Fortune smiled upon these criminals against the Blue Laws, until they encountered a wall surmounted by hickory rails. Without intermitting the discussion, Susannah sprang agilely up. Quoth she, balancing herself for one moment upon the summit,—"No, no, Betsey! I believe God is the author of sin!" The next she sprang toward the ground; but a salient splinter, a chip of depravity, clutched her Sunday-gown, and converted her incontinently, it seems, into a confessor of the opposing faith; for history records, that, following the above-mentioned dogma, there came from hitherto unstained lips,—"The Devil!"

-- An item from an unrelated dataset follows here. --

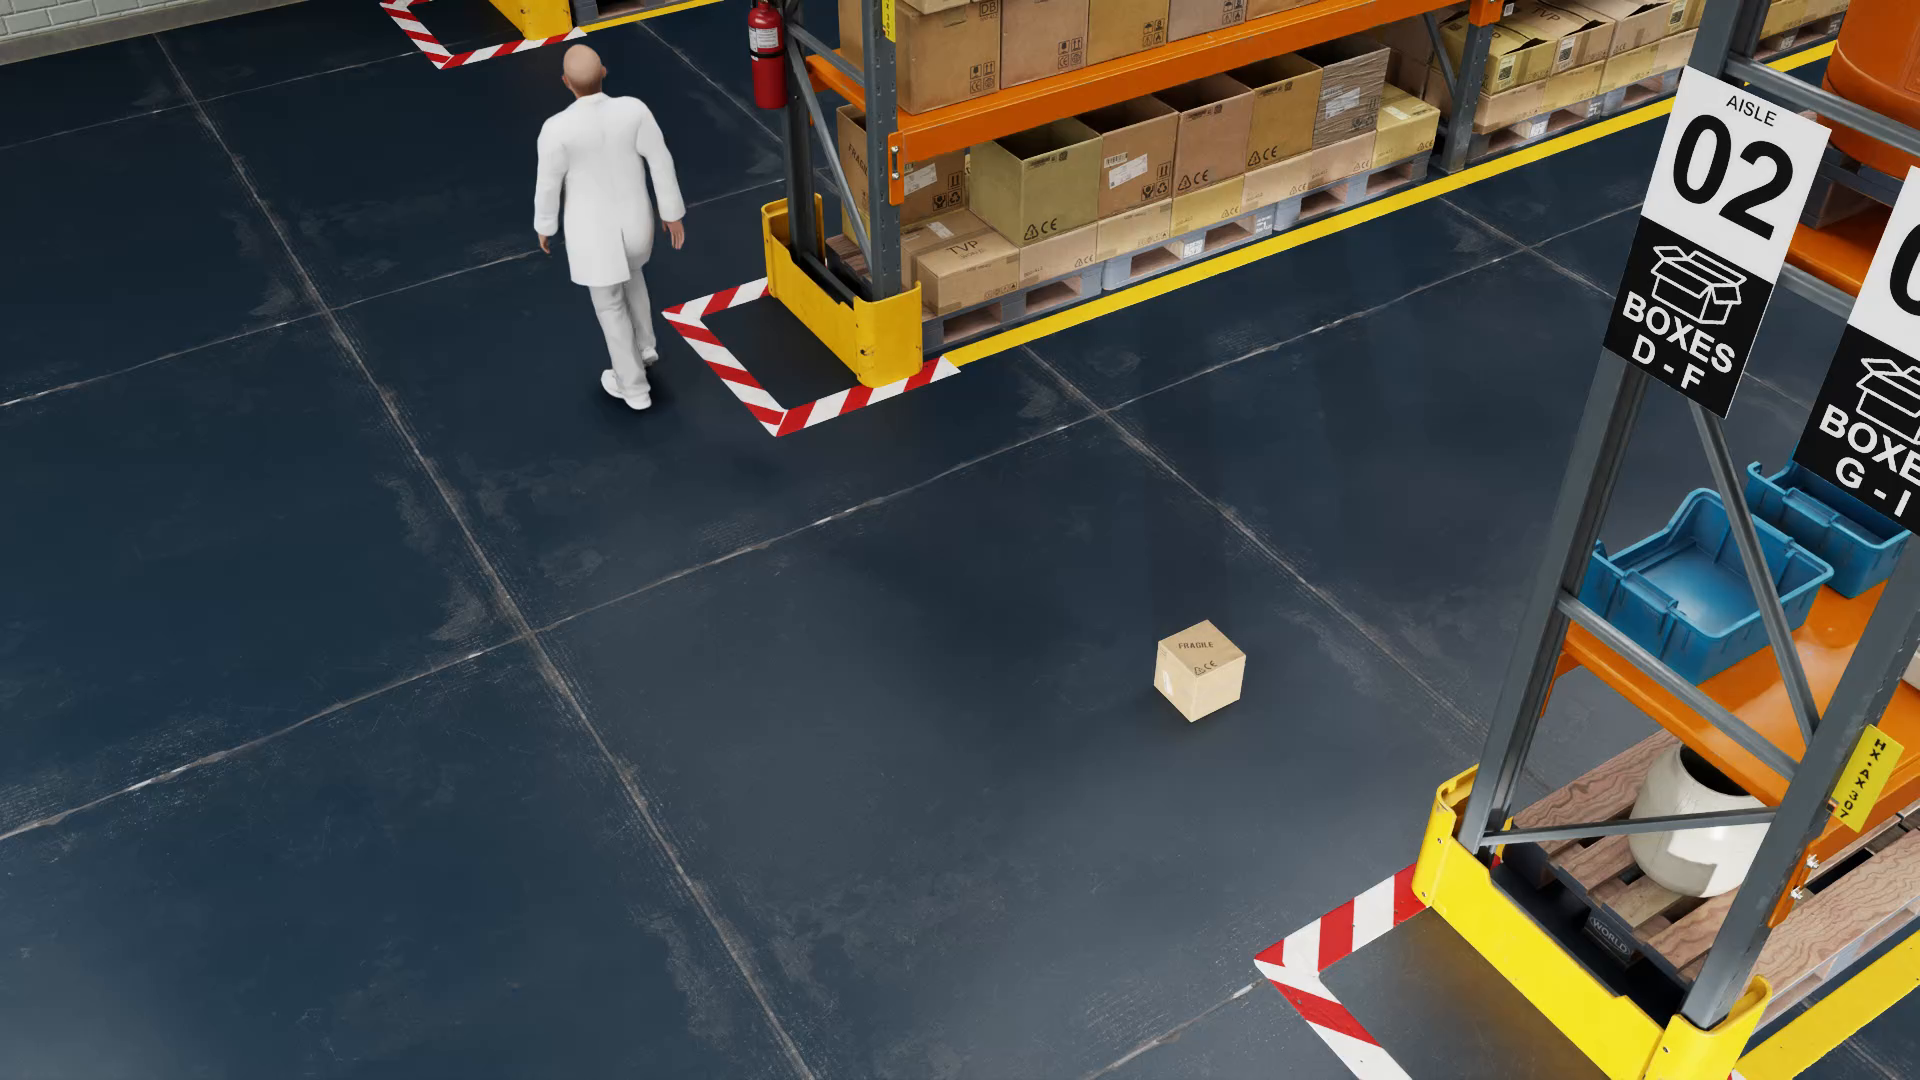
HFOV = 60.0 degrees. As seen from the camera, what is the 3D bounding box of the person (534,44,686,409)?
[{"bbox_3d":[-1.647,-1.452,7.918,0.662,1.857,0.576,-23,45,-25],"label":"person"}]

Time and space would, of course, be inadequate to the enumeration of all the demonstrations of the truth of the doctrine of the absolute depravity of things. A few examples only can be cited.

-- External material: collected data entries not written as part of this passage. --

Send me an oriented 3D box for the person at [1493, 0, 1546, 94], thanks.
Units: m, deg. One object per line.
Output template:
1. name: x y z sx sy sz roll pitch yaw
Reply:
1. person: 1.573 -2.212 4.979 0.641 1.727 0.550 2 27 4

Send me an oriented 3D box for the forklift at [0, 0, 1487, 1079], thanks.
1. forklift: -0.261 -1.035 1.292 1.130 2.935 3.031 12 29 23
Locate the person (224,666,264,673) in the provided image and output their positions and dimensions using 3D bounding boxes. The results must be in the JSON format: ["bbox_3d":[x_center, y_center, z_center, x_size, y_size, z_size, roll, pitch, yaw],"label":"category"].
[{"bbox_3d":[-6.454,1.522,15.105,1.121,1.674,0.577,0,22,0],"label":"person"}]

There is melancholy pleasure in the knowledge that a great soul has gone mourning before me in the path I am now pursuing. It was only to-day, that, in glancing over the pages of Victor Hugo's greatest work, I chanced upon the following:—"Every one will have noticed with what skill a coin let fall upon the ground runs to hide itself, and what art it has in rendering itself invisible; there are thoughts which play us the same trick," etc., etc.

The similar tendency of pins and needles is universally understood and execrated,—their base secretiveness when searched for, and their incensing intrusion when one is off guard.

I know a man whose sense of their malignity is so keen, that, whenever he catches a gleam of their treacherous lustre on the carpet, he instantly draws his two and a quarter yards of length into the smallest possible compass, and shrieks until the domestic police come to the rescue, and apprehend the sharp little villains. Do not laugh at this. Years ago he lost his choicest friend by the stab of just such a little dastard lying in ambush.

So also every wielder of the needle is familiar with the propensity of the several parts of a garment in the process of manufacture to turn themselves wrong side out, and down side up; and the same viciousness cleaves like leprosy to the completed garment so long as a thread remains.

My blood still tingles with a horrible memory illustrative of this truth.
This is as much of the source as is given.